- Film poster
- Directed by: Bradley Walsh
- Written by: Amyn Kaderali
- Produced by: Brad Krevoy
- Starring: Kat Graham; Quincy Brown; Ethan Peck; Ron Cephas Jones;
- Cinematography: Peter Benison
- Edited by: Gordon McClellan
- Music by: Sean Nimmons-Paterson
- Production company: MPCA
- Distributed by: Netflix
- Release date: November 2, 2018;
- Running time: 95 minutes
- Country: United States
- Language: English

= The Holiday Calendar =

The Holiday Calendar is a 2018 American Christmas romantic comedy film directed by Bradley Walsh from a screenplay by Amyn Kaderali. The film stars Kat Graham, Quincy Brown, Ethan Peck, and Ron Cephas Jones.

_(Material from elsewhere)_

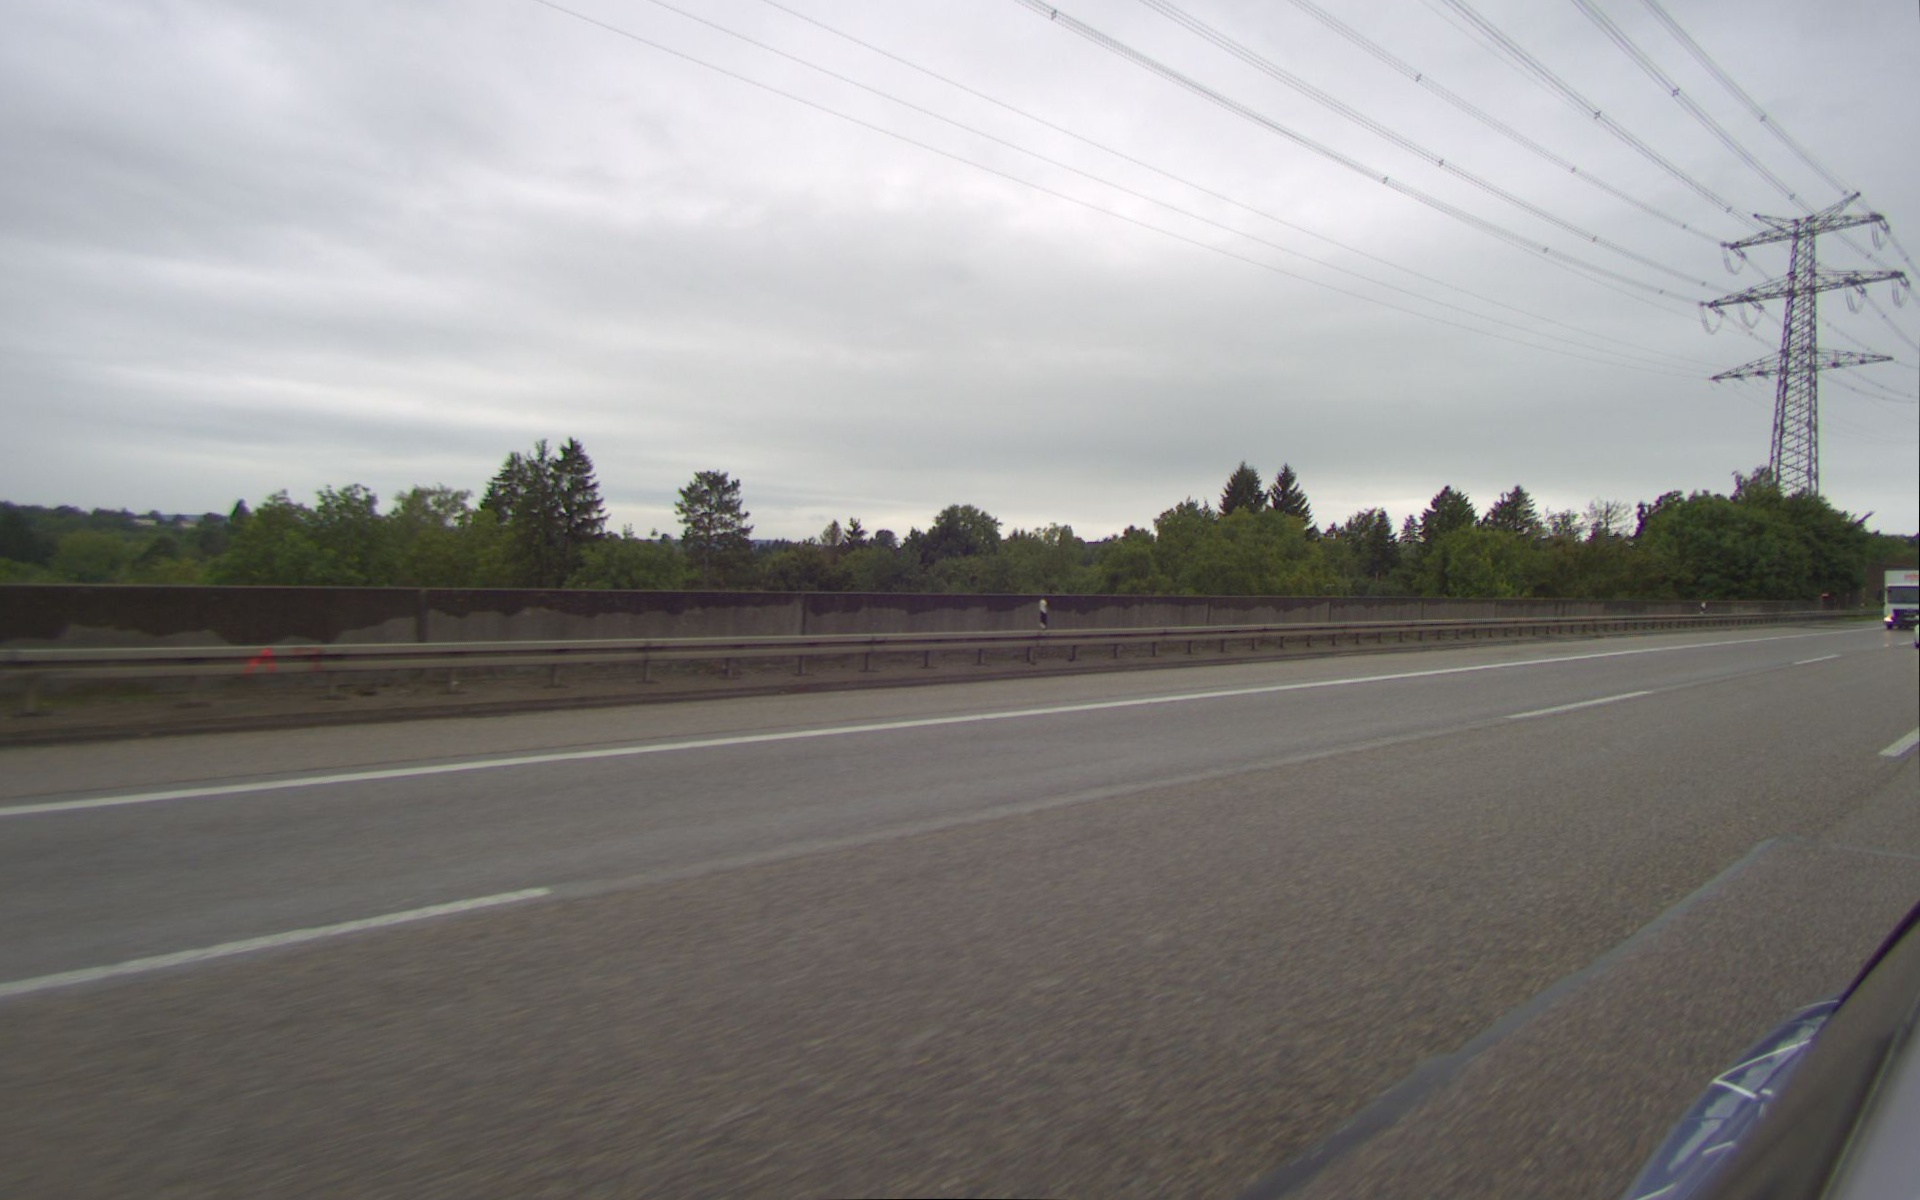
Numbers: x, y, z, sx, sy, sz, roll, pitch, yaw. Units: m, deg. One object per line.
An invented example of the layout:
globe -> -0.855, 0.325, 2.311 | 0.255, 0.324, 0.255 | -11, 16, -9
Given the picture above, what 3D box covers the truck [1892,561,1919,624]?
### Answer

It was released on November 2, 2018, by Netflix.

==Plot==
Abby Sutton, a struggling photographer receives an Advent calendar from her grandfather. Abby isn't impressed at first, but she decides to take it home anyway. The calendar opens up on December 1. Abby begins to connect what is inside each day to what happens in real life, believing that the calendar is magical.

Meanwhile, Abby's friend Josh has been away around the world to focus on his photography but has come back to see Abby.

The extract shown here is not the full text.